The data:

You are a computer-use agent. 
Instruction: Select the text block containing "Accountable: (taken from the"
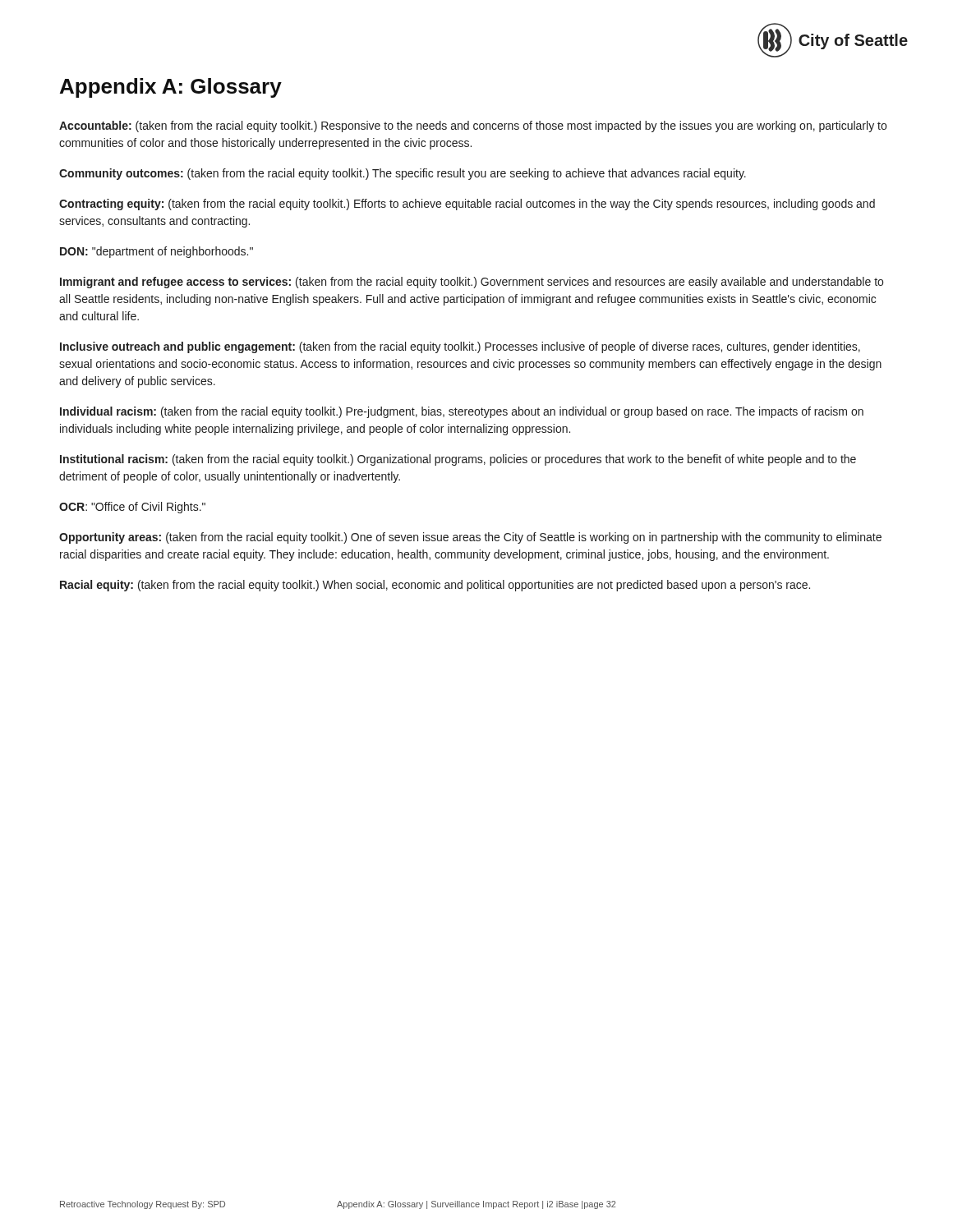[x=473, y=134]
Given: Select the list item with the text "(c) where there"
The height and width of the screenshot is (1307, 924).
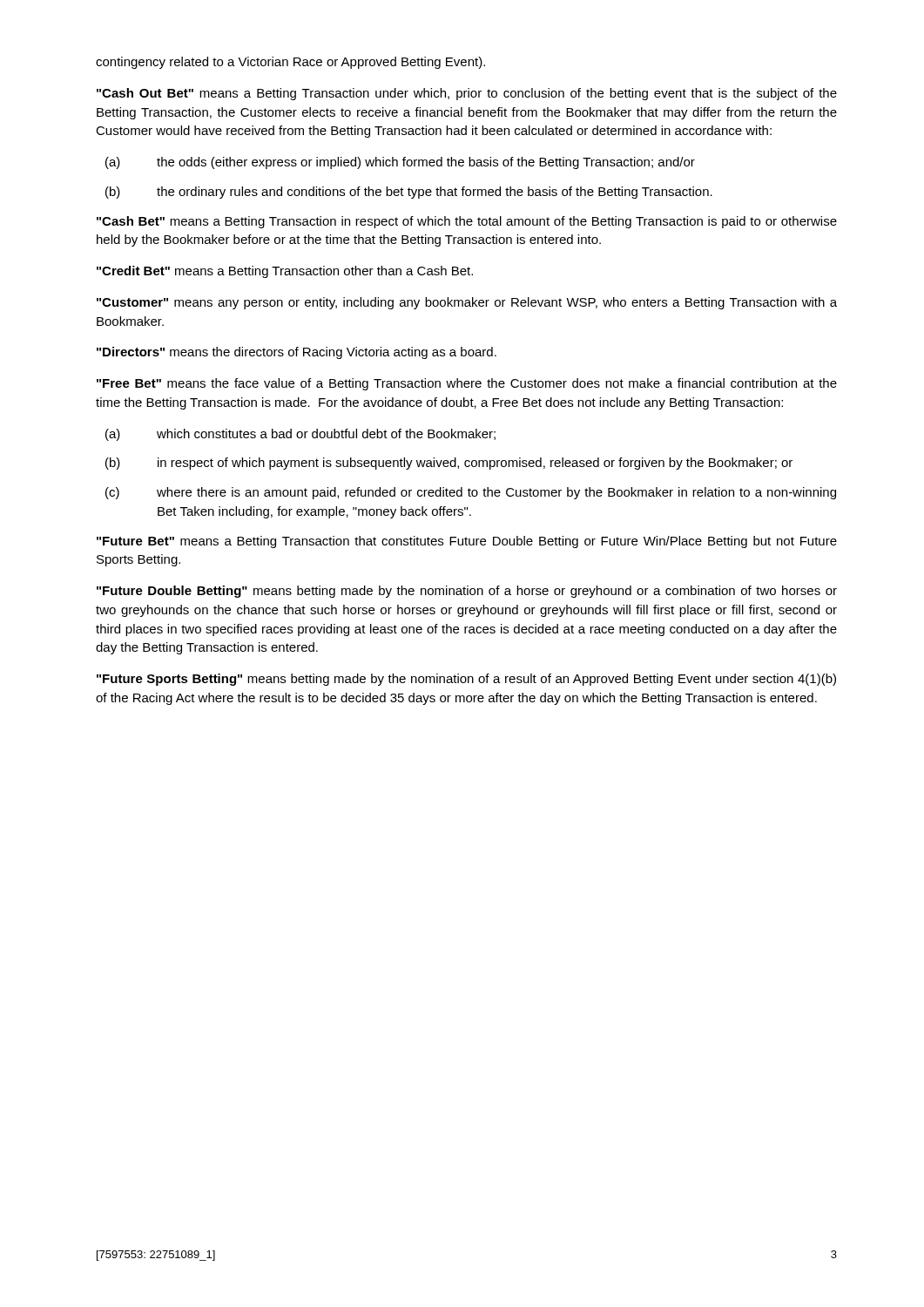Looking at the screenshot, I should pyautogui.click(x=466, y=502).
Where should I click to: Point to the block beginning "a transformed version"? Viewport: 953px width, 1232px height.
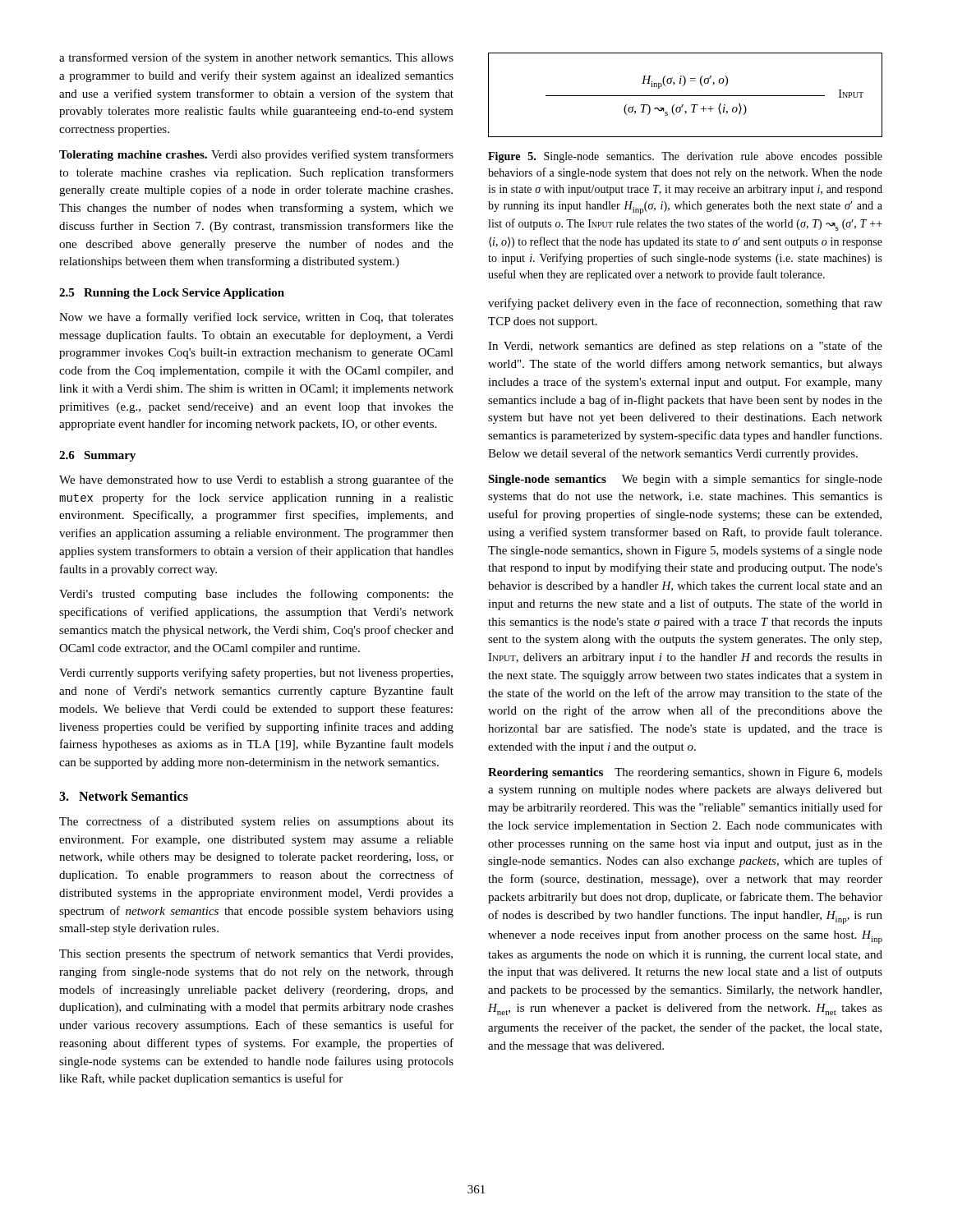pyautogui.click(x=256, y=94)
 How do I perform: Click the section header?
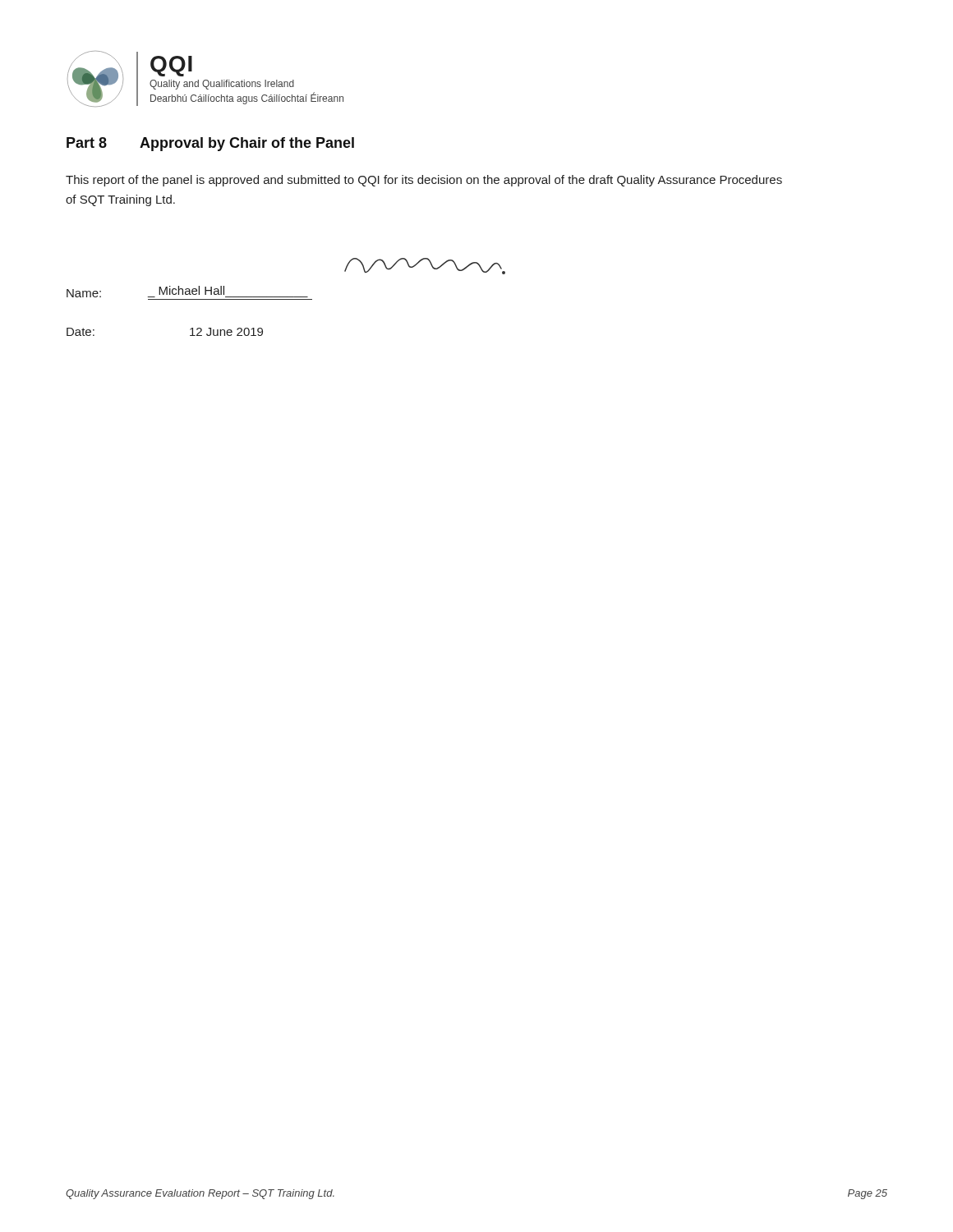[x=210, y=143]

What is required:
Apart from the images, the entries above must be returned without alteration.

Response box:
You are a computer-use agent. 
Instruction: Select the text block containing "Accountable: (taken from the"
[x=473, y=134]
Given: Select the list item with the text "(c) where there"
The height and width of the screenshot is (1307, 924).
Looking at the screenshot, I should pyautogui.click(x=466, y=502).
Where should I click to: Point to the block beginning "a transformed version"? Viewport: 953px width, 1232px height.
pyautogui.click(x=256, y=94)
 How do I perform: Click the section header?
[x=210, y=143]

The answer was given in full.